— What you should do —
For every entry, reproduce the wording exactly and omit any image it holds.

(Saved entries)
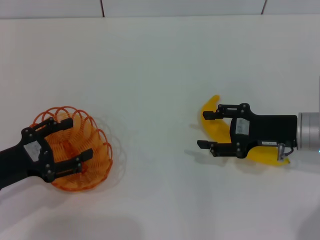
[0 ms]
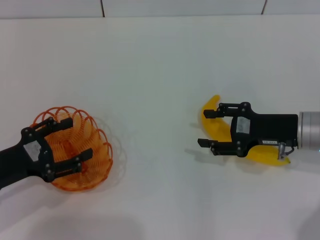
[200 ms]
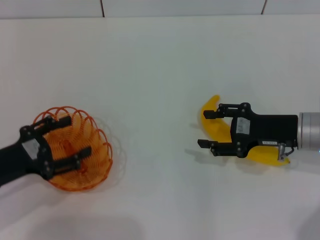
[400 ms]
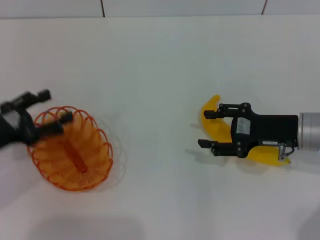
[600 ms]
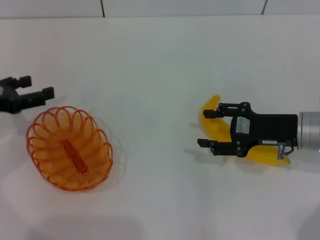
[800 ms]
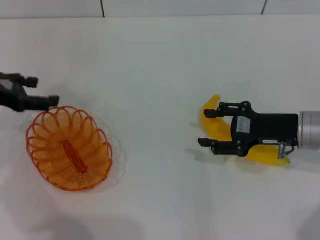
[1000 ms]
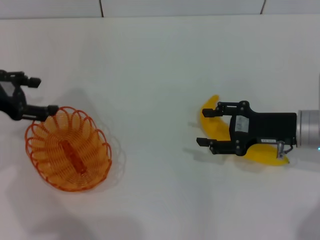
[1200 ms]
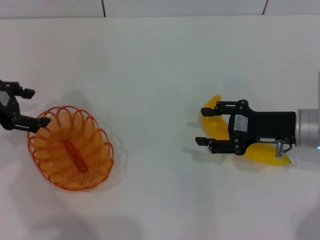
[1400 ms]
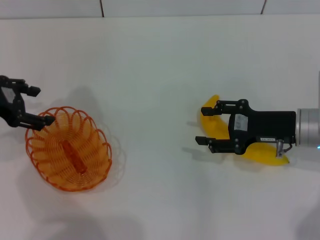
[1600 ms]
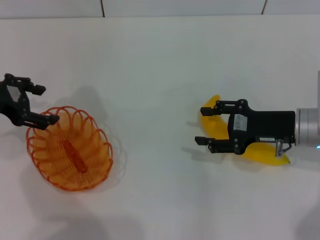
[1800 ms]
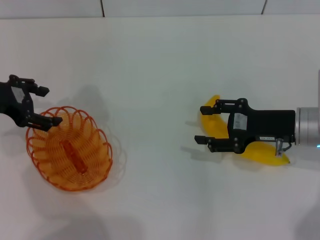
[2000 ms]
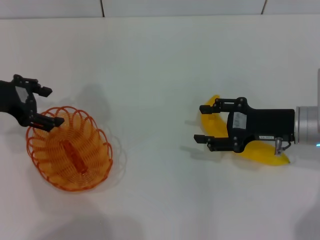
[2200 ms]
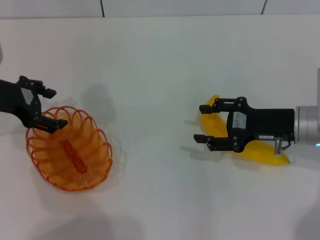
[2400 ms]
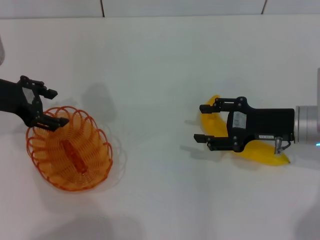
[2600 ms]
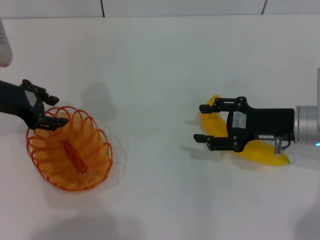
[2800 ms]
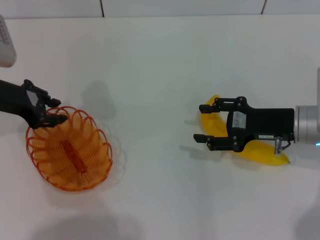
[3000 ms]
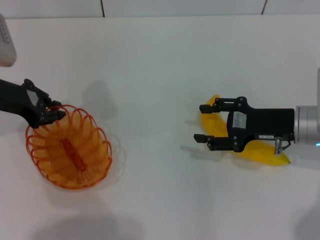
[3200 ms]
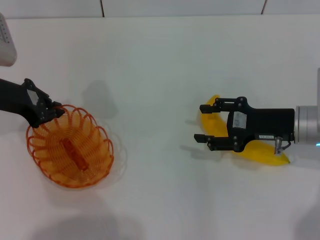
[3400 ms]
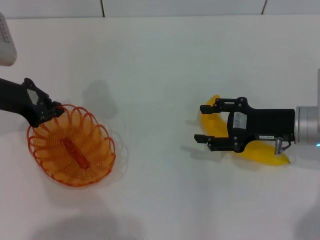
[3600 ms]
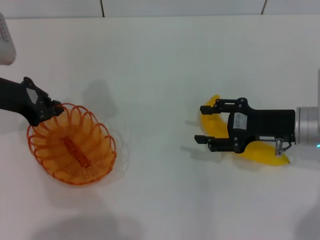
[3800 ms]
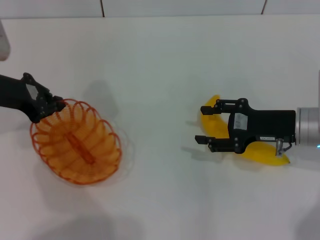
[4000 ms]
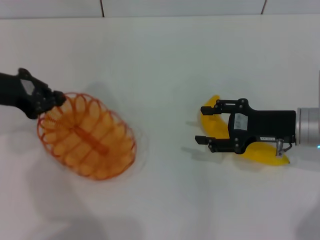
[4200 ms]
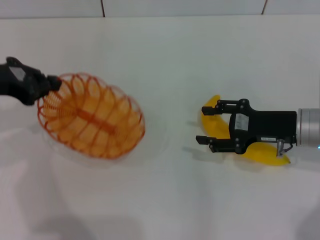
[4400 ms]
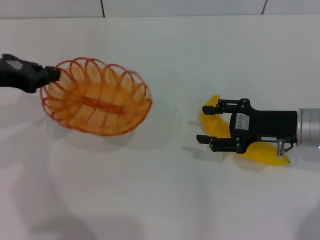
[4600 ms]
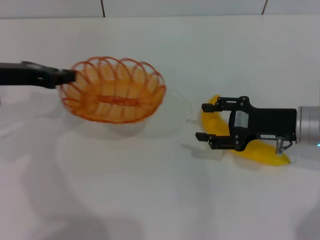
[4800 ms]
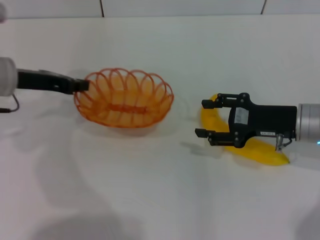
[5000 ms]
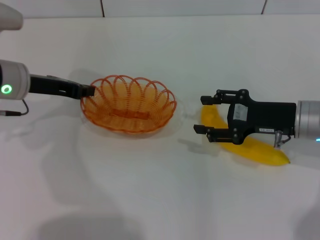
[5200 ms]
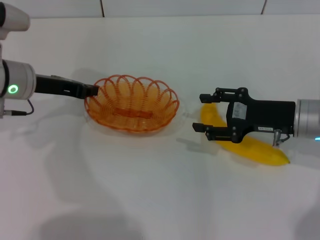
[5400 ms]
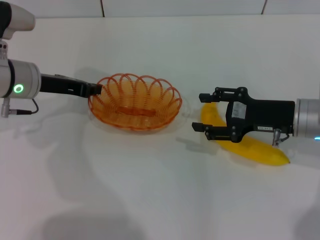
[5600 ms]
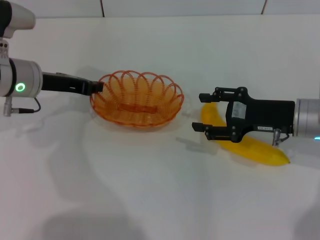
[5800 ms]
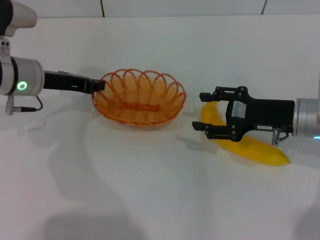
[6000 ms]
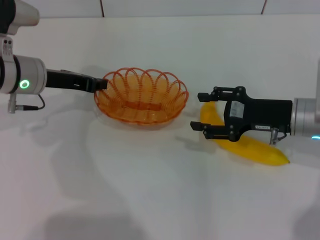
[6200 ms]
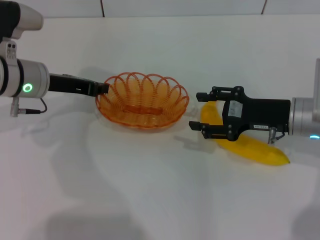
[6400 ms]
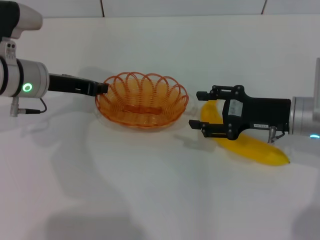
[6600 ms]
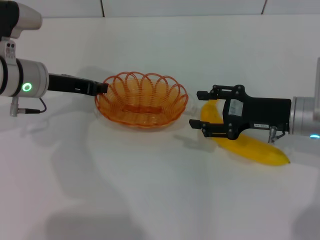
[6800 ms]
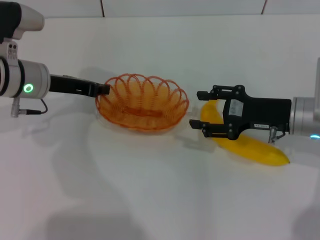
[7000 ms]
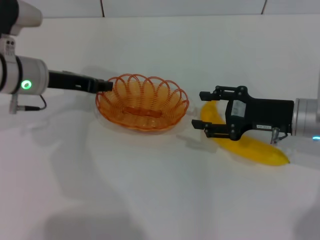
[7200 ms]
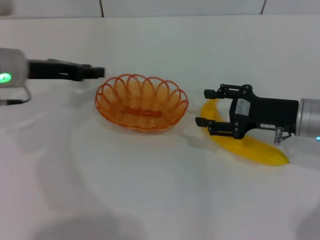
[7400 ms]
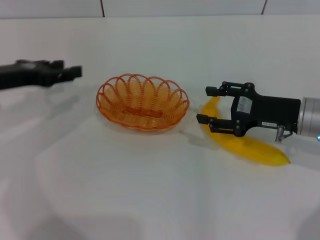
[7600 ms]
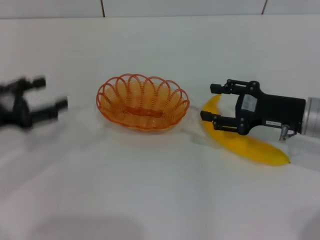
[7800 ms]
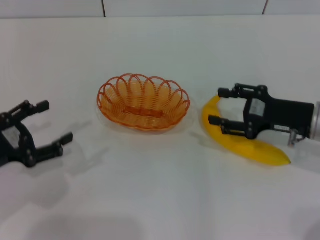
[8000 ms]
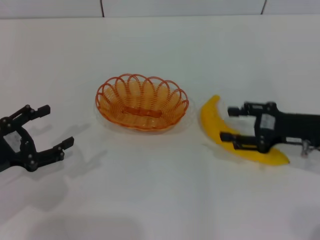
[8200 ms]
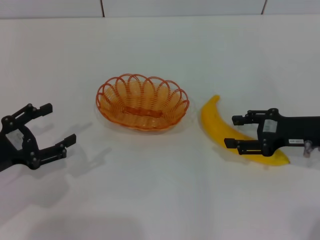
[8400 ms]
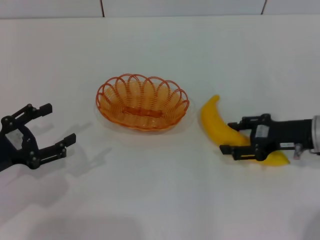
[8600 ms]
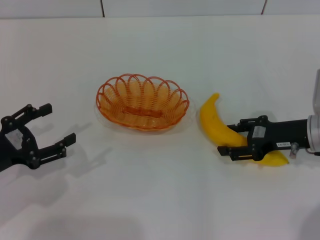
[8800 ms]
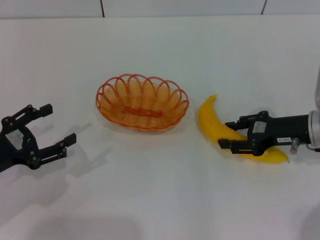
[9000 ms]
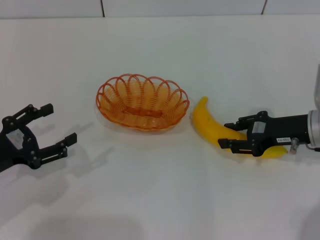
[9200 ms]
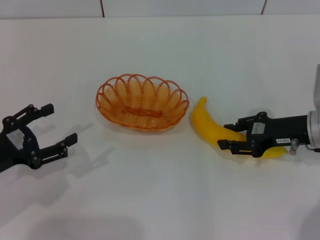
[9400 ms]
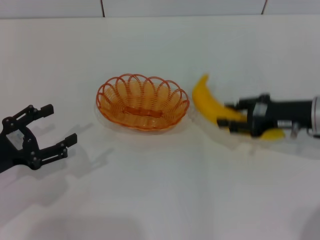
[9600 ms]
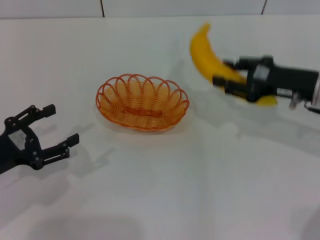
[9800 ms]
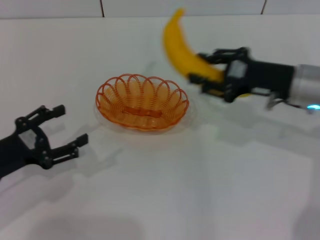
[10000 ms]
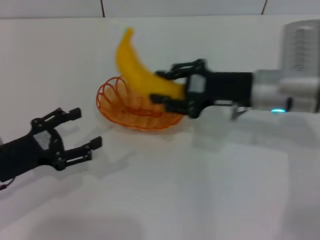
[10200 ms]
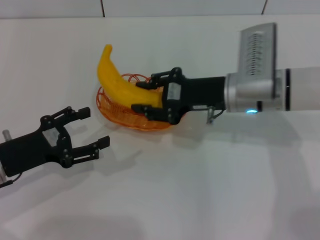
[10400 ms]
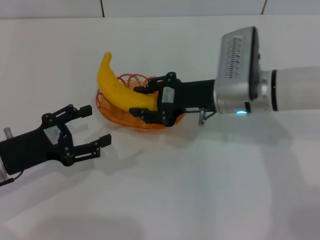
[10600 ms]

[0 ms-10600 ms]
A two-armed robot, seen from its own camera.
Step, 0 ms to 4000 ms: Pick up the basket with the left gripper.
Step, 4200 ms to 7600 ms: Place the basket in the center of view with the left gripper.
Step, 7800 ms to 9600 ms: Pick up the banana with the right gripper.
0 ms to 1600 ms: The left gripper heads forward and upward, covering roughly 15 cm.
1600 ms to 3000 ms: The grippers move only a little.
3000 ms to 4600 ms: The left gripper shifts by about 5 cm, and closes up.
4600 ms to 6000 ms: The left gripper goes some 10 cm to the right and downward.
6000 ms to 7600 ms: The left gripper goes roughly 5 cm to the left, and opens its fingers.
7600 ms to 9000 ms: The left gripper shifts roughly 15 cm backward and downward, and opens its fingers.
9000 ms to 10600 ms: The right gripper shifts about 15 cm to the left, and closes.

— Exercise solution —
[0 ms]
[200 ms]
[400 ms]
[600 ms]
[800 ms]
[1000 ms]
[1200 ms]
[1400 ms]
[1600 ms]
[1800 ms]
[2000 ms]
[2200 ms]
[2400 ms]
[2600 ms]
[2800 ms]
[3000 ms]
[3200 ms]
[3400 ms]
[3600 ms]
[3800 ms]
[4000 ms]
[4200 ms]
[4400 ms]
[4600 ms]
[4800 ms]
[5000 ms]
[5200 ms]
[5400 ms]
[5600 ms]
[5800 ms]
[6000 ms]
[6200 ms]
[6400 ms]
[6600 ms]
[6800 ms]
[7000 ms]
[7200 ms]
[7400 ms]
[7600 ms]
[7800 ms]
[8000 ms]
[8200 ms]
[8400 ms]
[8600 ms]
[8800 ms]
[9000 ms]
[9200 ms]
[9400 ms]
[9600 ms]
[9800 ms]
[10000 ms]
[10200 ms]
[10400 ms]
[10600 ms]

[0 ms-10600 ms]
A two-armed robot, seen from its own camera.
Step, 0 ms to 4000 ms: Pick up the basket with the left gripper.
Step, 4200 ms to 7600 ms: Place the basket in the center of view with the left gripper.
Step, 7800 ms to 9600 ms: Pick up the banana with the right gripper.
0 ms to 1600 ms: The left gripper heads forward and upward, covering roughly 15 cm.
1600 ms to 3000 ms: The grippers move only a little.
3000 ms to 4600 ms: The left gripper shifts by about 5 cm, and closes up.
4600 ms to 6000 ms: The left gripper goes some 10 cm to the right and downward.
6000 ms to 7600 ms: The left gripper goes roughly 5 cm to the left, and opens its fingers.
7600 ms to 9000 ms: The left gripper shifts roughly 15 cm backward and downward, and opens its fingers.
9000 ms to 10600 ms: The right gripper shifts about 15 cm to the left, and closes.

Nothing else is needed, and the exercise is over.